:: What the exercise asks ::
Word for word, reproduce the records, keeping none of the pictures.

:: Provided records ::
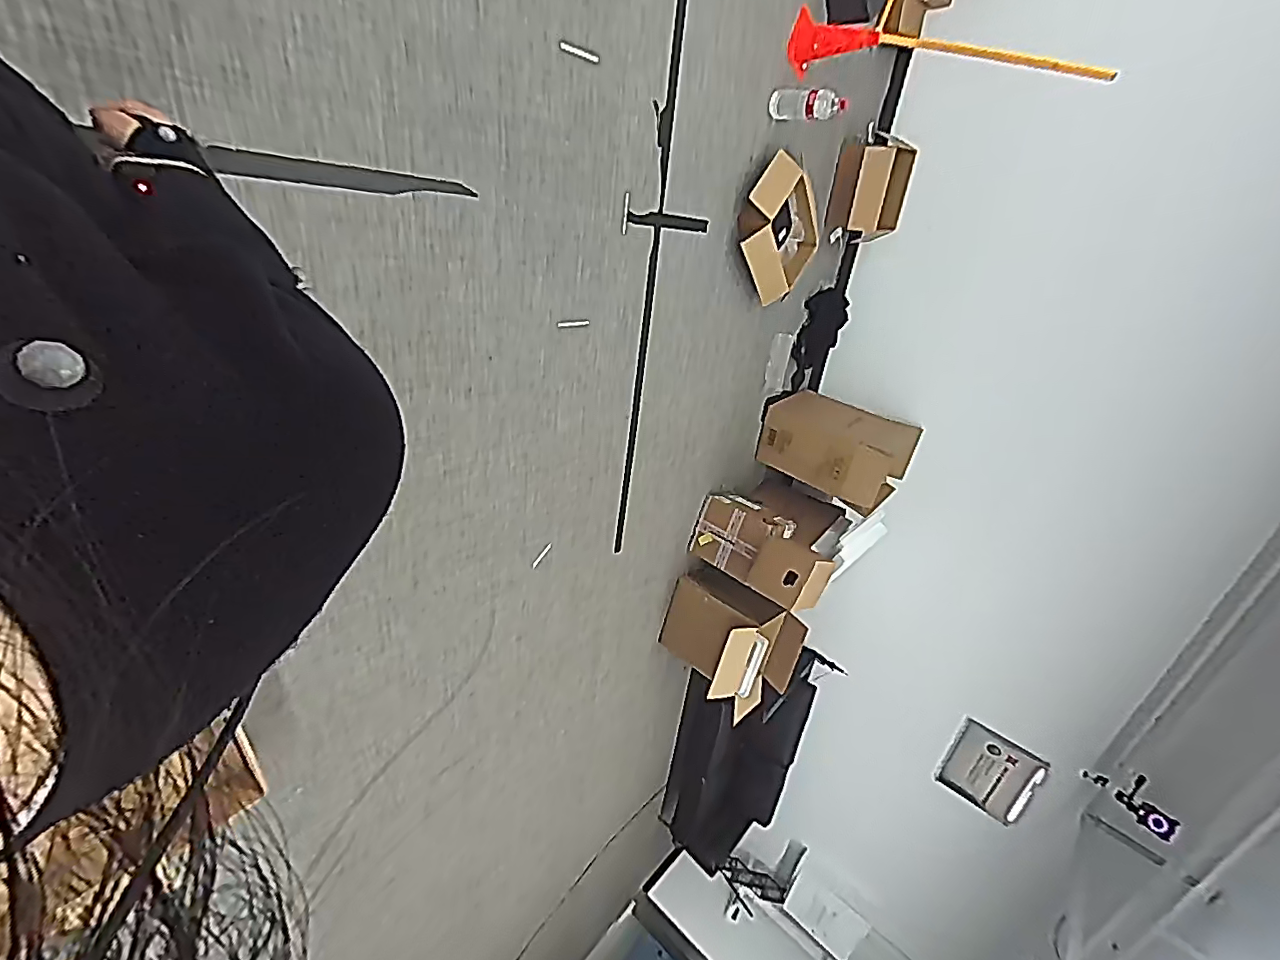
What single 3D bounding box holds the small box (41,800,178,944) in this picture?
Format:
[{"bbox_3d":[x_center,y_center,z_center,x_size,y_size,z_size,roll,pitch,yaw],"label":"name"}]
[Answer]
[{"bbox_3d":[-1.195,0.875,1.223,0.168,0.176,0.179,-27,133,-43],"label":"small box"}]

:: Answer for this exercise ::
What single 3D bounding box holds the small box (41,800,178,944) in this picture?
Format:
[{"bbox_3d":[x_center,y_center,z_center,x_size,y_size,z_size,roll,pitch,yaw],"label":"name"}]
[Answer]
[{"bbox_3d":[-1.195,0.875,1.223,0.168,0.176,0.179,-27,133,-43],"label":"small box"}]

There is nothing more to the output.